# The Unapologetic Mathematician

## Partitions of Unity (proof)

Finally we can prove what we’ve asserted: given any open cover $\{U_\alpha\}$ of a smooth manifold $M$ we can find a countable smooth partition of unity $\{\phi_k\}$ subordinate to it.

So, as we’ve seen we can find a countable atlas $(V_k,x_k)$; we use $x_k$ for the coordinate maps since we’ll want the $\phi_k$ free. We’ve also seen that we have a smooth bump function $\phi$ between the two cubes $C_1(0)$ and $C_2(0)$ in $\mathbb{R}^n$. So let’s define

$\displaystyle\theta_k(p)=\left\{\begin{array}{lc}\phi\left(x_k(p)\right)&p\in V_k\\{0}&p\notin V_k\end{array}\right.$

Now, it’s easily verified that the furthest points from the origin in $C_2(0)$ are the corners, each of which is $2\sqrt{n}$ away. Thus we can tell that $C_2(0)\subseteq B_{3n}(0)$, and the support of $\phi$ is contained entirely within $x_k(V_k)=B_{3n}(0)$. This means that the support of $\theta_k$ is entirely contained within $V_k$ — by the time we get to the edge it’s already smoothly tailed off to zero, and so even though we define it piecewise, $\theta_k$ is a smooth function defined on all of $M$.

Now set up the sum

$\displaystyle\theta(p)=\sum\limits_k\theta_k(p)$

Since $V_k$ is locally finite and $\theta_k$ is supported within $V_k$, this sum is guaranteed to be finite at each point, which makes $\theta$ a smooth function on all of $M$. The ball $B_1(0)$ is contained within the cube $C_1(0)$, so $\phi$ takes the constant value $1$ on this ball. Since the preimages $x_k^{-1}(B_1(0))$ form an open cover of $M$, there is always at least one $k$ for which $\theta_k=1$. In particular, for which it’s not zero, and thus the whole sum is nonzero at $p$.

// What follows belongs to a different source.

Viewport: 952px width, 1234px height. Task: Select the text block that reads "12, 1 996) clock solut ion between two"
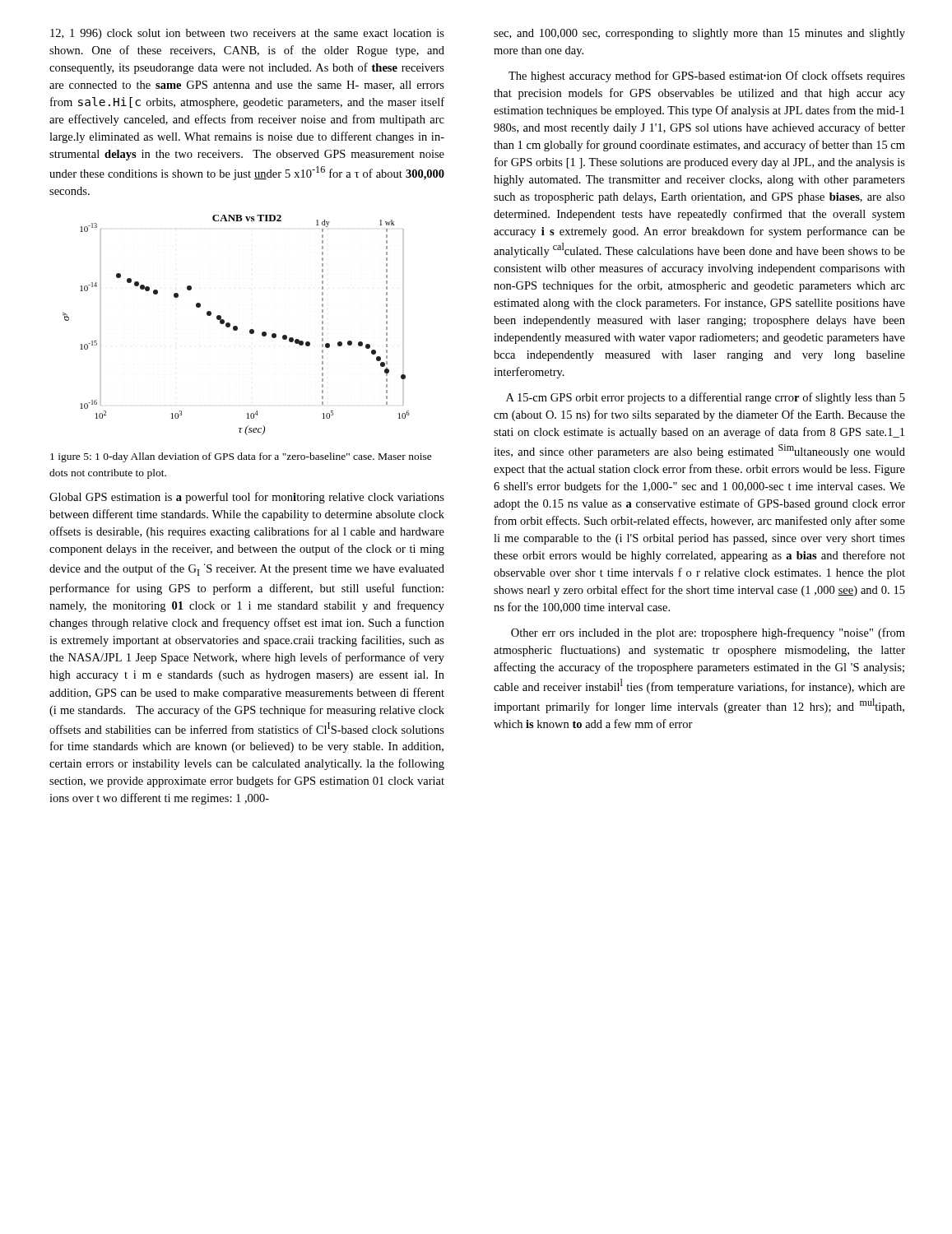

Since $\theta$ is never zero, we can divide by it. We define $\phi_k(p)=\theta_k(p)/\theta(p)$. These are smooth functions on all of $M$, and their sum is everywhere exactly $1$. Thus the $\phi_k$ form a partition of unity subordinate to $\{V_k\}$. And since $\{V_k\}$ refines $\{U_\alpha\}$, the partition is subordinate to this cover as well.